This is reversible, so any information in (a,b,c) before mix() is
still in (a,b,c) after mix().
If four pairs of (a,b,c) inputs are run through mix(), or through
mix() in reverse, there are at least 32 bits of the output that
are sometimes the same for one pair and different for another pair.
This was tested for:
* pairs that differed by one bit, by two bits, in any combination
of top bits of (a,b,c), or in any combination of bottom bits of
(a,b,c).
* "differ" is defined as +, -, ^, or ~^. For + and -, I transformed
the output delta to a Gray code (a^(a>>1)) so a string of 1's (as
is commonly produced by subtraction) look like a single 1-bit
difference.
* the base values were pseudorandom, all zero but one bit set, or
all zero plus a counter that starts at zero.

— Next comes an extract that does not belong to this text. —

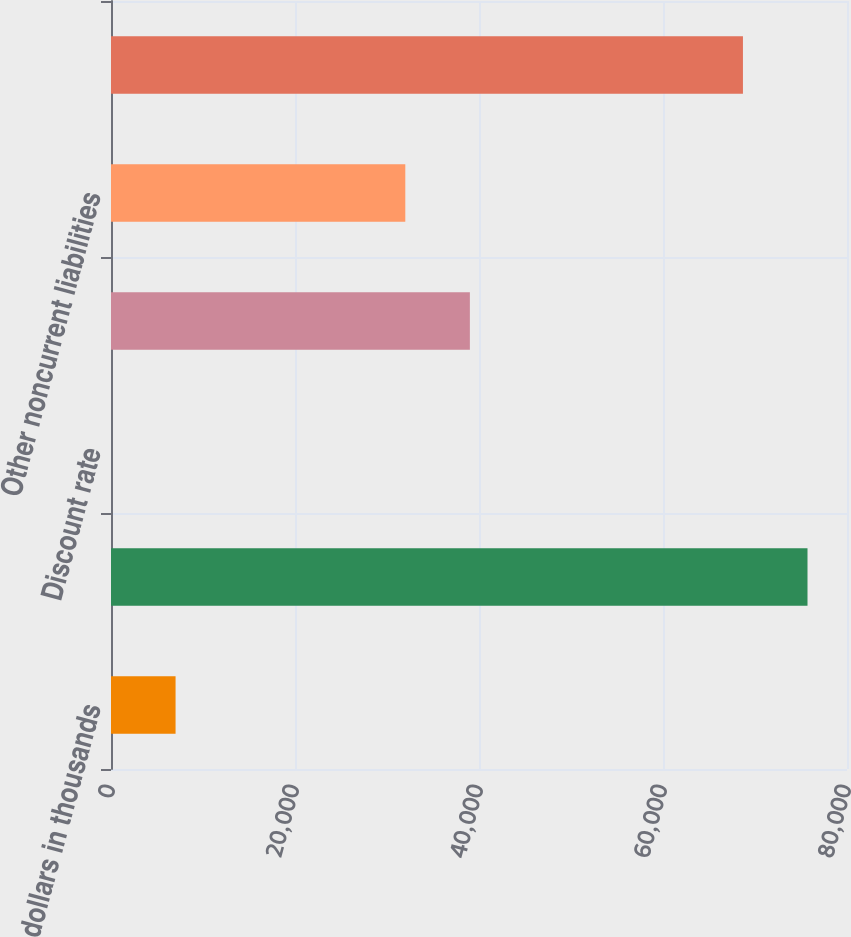Convert chart. <chart><loc_0><loc_0><loc_500><loc_500><bar_chart><fcel>dollars in thousands<fcel>Liabilities (undiscounted)<fcel>Discount rate<fcel>Other accrued liabilities<fcel>Other noncurrent liabilities<fcel>Accrued liabilities<nl><fcel>7018.31<fcel>75706.3<fcel>1.01<fcel>39007.3<fcel>31990<fcel>68689<nl></chart>

Some k values for my "a-=c; a^=rot(c,k); c+=b;" arrangement that
satisfy this are
4 6 8 16 19 4
9 15 3 18 27 15
14 9 3 7 17 3
Well, "9 15 3 18 27 15" didn't quite get 32 bits diffing
for "differ" defined as + with a one-bit base and a two-bit delta. I
used http://burtleburtle.net/bob/hash/avalanche.html to choose
the operations, constants, and arrangements of the variables.
This does not achieve avalanche. There are input bits of (a,b,c)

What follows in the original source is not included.